Trading Places with Tom Bowley

Long Awaited Bank Earnings Were A Dud.....Or Were They?

Market Recap for Friday, July 14, 2017

JPMorgan (JPM), Citigroup (C), PNC Financial (PNC) and Wells Fargo (WFC) were a formidable sample of bank stocks ($DJUSBK) reporting earnings last Friday and it was set up to be a very interesting trading day - to see if the huge run up in the DJUSBK was justified.  JPM, C and PNC all reported beats on both their top and bottom lines.  WFC beat its EPS expectations.  But the DJUSBK fell nearly 1% and was a primary reason why financials (XLF, -0.44%) was the only sector to finish Friday's action in negative territory.  What gives?  Well, there's a very old and wise Wall Street adage that says "buy on the rumor, sell on the news".  The DJUSBK rose from just below 390 to just above 430 from early June to early July.  Huge expectations were already built into bank stocks as traders anticipated great results.  After receiving exactly what they expected, and with nice profits in hand, astute traders sold on the news.  The most important aspect, as far as I'm concerned, is whether technical support levels held on the profit taking.....and they did.  Here's the chart:


There have been many tops in the 410-415 range so after breaking above that range, we want to see that new support hold.  Also, note the rising 20 day EMA is at 417 and short-term trendline support intersects close to 415 as well.  After early selling and an intraday move below 415, the DJUSBK recovered and held all of these key support levels.  That's a bullish development despite the weak Friday performance.
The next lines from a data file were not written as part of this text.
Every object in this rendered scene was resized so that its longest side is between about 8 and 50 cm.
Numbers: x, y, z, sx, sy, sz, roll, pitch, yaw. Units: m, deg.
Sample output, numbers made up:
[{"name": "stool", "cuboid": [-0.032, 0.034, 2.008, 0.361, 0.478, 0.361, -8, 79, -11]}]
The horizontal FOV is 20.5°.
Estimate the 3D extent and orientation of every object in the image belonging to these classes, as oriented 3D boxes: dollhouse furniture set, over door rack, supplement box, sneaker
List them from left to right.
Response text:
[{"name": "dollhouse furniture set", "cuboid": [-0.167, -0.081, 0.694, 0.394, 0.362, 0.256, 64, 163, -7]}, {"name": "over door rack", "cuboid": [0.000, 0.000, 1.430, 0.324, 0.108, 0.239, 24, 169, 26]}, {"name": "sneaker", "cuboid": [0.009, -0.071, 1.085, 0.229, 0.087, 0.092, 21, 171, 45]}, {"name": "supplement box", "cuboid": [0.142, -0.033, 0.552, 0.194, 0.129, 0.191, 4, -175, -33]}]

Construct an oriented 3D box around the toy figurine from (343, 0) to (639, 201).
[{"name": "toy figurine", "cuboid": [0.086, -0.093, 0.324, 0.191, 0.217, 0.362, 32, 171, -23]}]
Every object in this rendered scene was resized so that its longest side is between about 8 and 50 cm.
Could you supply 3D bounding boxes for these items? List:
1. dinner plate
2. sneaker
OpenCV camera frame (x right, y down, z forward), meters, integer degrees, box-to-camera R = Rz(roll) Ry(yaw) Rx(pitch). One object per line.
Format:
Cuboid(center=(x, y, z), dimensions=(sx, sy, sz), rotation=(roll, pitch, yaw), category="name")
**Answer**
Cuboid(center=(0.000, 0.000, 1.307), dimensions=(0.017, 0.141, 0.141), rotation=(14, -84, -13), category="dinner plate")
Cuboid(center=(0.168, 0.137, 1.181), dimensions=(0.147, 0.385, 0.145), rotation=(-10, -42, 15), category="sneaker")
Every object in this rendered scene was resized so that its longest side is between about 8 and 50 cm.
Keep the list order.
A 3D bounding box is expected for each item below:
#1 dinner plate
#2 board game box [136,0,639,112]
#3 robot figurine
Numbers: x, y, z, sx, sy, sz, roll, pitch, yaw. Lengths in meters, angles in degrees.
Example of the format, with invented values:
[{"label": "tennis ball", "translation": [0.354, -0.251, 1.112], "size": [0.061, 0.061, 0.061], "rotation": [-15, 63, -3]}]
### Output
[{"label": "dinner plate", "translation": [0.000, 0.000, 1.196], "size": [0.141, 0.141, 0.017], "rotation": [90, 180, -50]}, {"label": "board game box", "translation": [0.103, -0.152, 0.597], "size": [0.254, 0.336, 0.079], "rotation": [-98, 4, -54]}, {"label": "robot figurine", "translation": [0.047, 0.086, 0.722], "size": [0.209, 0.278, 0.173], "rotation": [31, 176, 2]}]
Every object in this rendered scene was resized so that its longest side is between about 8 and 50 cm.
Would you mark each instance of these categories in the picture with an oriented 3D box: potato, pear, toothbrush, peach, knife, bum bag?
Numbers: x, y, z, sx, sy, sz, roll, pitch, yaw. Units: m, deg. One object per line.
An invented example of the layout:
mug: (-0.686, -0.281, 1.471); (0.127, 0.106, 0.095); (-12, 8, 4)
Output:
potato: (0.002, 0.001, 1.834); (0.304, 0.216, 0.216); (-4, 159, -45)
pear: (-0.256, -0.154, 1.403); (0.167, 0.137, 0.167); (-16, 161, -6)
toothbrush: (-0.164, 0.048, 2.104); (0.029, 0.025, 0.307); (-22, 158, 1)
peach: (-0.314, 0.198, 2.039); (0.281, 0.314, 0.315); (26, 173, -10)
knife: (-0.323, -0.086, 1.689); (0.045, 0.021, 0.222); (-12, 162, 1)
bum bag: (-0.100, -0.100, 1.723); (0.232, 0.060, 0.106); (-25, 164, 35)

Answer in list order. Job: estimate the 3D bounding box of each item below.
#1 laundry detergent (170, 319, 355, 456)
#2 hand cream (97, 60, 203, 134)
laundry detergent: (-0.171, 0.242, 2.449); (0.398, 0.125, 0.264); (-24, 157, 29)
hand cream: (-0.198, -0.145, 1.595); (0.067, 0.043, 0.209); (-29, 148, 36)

While financials lagged, our major indices all finished with gains, including another all-time high close for both the Dow Jones and benchmark S&P 500.  The big problem currently is that bullish momentum has weakened considerably on both of these indices on a weekly basis, which is reflected in the Current Outlook section below.
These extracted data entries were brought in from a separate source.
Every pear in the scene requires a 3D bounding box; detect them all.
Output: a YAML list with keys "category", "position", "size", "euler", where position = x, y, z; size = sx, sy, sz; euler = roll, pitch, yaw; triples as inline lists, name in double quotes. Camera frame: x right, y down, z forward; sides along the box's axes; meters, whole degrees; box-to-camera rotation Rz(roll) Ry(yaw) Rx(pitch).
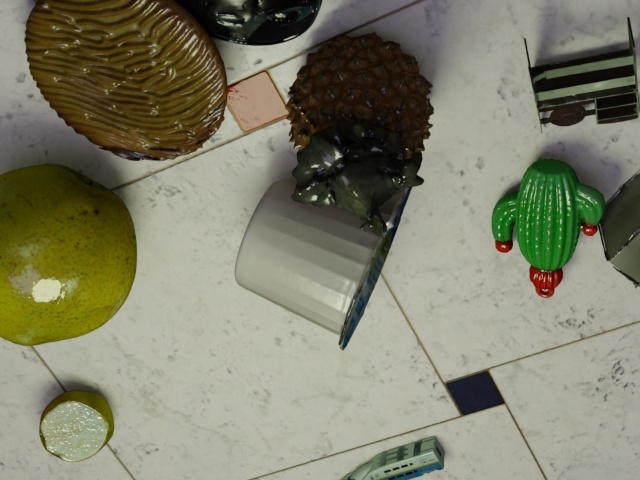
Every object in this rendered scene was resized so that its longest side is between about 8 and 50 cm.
- category: "pear"
  position: [-0.432, 0.018, 1.755]
  size: [0.294, 0.294, 0.294]
  euler: [3, 123, 5]
- category: "pear"
  position: [-0.452, 0.334, 2.055]
  size: [0.141, 0.104, 0.141]
  euler: [-4, 108, -12]

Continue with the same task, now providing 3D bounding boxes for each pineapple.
- category: "pineapple"
  position: [0.049, -0.134, 1.536]
  size: [0.223, 0.357, 0.222]
  euler: [2, 124, 3]

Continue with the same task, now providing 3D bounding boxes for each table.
- category: "table"
  position: [0.378, -0.233, 1.597]
  size: [0.146, 0.062, 0.175]
  euler: [-9, 153, 13]

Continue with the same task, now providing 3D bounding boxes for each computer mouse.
- category: "computer mouse"
  position: [-0.115, -0.341, 1.560]
  size: [0.233, 0.096, 0.137]
  euler: [7, 150, 3]

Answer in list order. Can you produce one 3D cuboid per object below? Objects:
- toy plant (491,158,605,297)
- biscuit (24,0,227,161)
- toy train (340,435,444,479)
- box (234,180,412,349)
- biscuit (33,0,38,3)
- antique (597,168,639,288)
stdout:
- category: "toy plant"
  position: [0.342, -0.020, 1.733]
  size: [0.155, 0.088, 0.240]
  euler: [28, 133, 4]
- category: "biscuit"
  position: [-0.287, -0.245, 1.628]
  size: [0.318, 0.040, 0.317]
  euler: [10, 133, 11]
- category: "toy train"
  position: [0.116, 0.427, 2.068]
  size: [0.234, 0.052, 0.051]
  euler: [-21, 114, 20]
- category: "box"
  position: [0.000, 0.000, 1.725]
  size: [0.206, 0.262, 0.291]
  euler: [21, 85, 6]
- category: "biscuit"
  position: [-0.323, -0.319, 1.647]
  size: [0.147, 0.046, 0.250]
  euler: [-17, 122, 22]
- category: "antique"
  position: [0.519, -0.015, 1.676]
  size: [0.148, 0.146, 0.152]
  euler: [31, 120, -15]
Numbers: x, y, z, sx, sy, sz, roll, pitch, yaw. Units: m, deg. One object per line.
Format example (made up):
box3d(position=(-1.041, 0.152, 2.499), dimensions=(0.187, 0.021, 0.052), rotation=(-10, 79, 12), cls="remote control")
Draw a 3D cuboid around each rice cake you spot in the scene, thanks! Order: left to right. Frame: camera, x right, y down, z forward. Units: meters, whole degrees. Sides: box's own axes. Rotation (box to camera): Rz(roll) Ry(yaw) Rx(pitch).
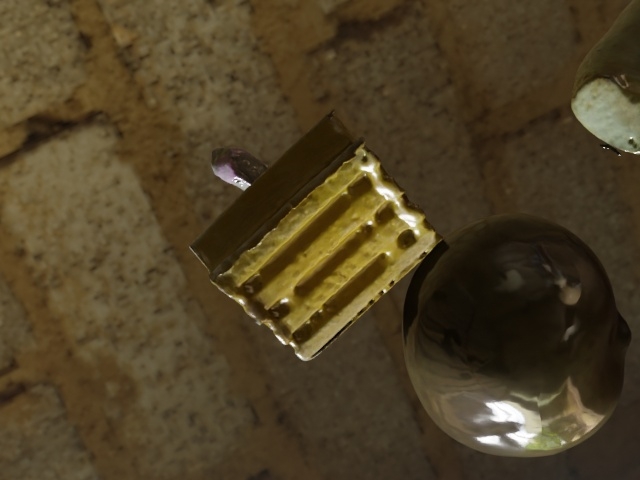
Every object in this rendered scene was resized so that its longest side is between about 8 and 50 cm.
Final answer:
box3d(position=(-0.031, -0.053, 2.257), dimensions=(0.399, 0.064, 0.070), rotation=(33, 162, -28), cls="rice cake")

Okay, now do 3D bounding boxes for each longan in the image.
box3d(position=(0.279, 0.137, 1.806), dimensions=(0.361, 0.361, 0.361), rotation=(61, 170, 17), cls="longan")

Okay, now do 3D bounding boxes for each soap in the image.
box3d(position=(0.000, 0.000, 2.069), dimensions=(0.293, 0.335, 0.156), rotation=(42, -174, -45), cls="soap")

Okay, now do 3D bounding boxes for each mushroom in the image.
box3d(position=(0.288, -0.160, 1.068), dimensions=(0.100, 0.312, 0.081), rotation=(25, 127, 12), cls="mushroom")

Transports ($TRAN) have been strengthening, especially its ratio vs. the Dow Jones Utilities ($TRAN:$UTIL).  However, a big component of the transports - railroads ($DJUSRR) - continues to show significant technical deterioration on its weekly chart despite its highest weekly close ever on Friday.  You can see this technical deterioration in the Sector/Industry Watch section below.

Pre-Market Action

Asia was mixed overnight.  Europe is mixed this morning.  Crude oil ($WTIC) is down slightly.  Gold ($GOLD) is trying to recover from its recent selling.  Earnings reports will accelerate later this week and next.  Economic news (empire state manufacturing) was weaker than expected this morning.  And momentum has been slowing to the upside.  With that under its belt, Dow Jones futures are up 4 points as we open a fresh trading week in 30 minutes.

Current Outlook

You have to wonder if the weakening weekly momentum will become a problem for the U.S. stock market as it enters its most difficult seasonal period of the year.  Since 1950, July 18th to September 27th has proven to be the most difficult time of the year for the S&P 500 to advance and we've seen many instances of 10%+ declines during this period - as I described in Friday's Trading Places blog article.  As a reminder, here's how the weekly chart has set up:

The issues are as follows:

1.  Weekly RSI is overbought above the 70 level.  This doesn't happen often as you can see from the above.  In fact, the last time we saw the weekly RSI push above 70, it resulted in roughly a 3% pullback (red directional arrow)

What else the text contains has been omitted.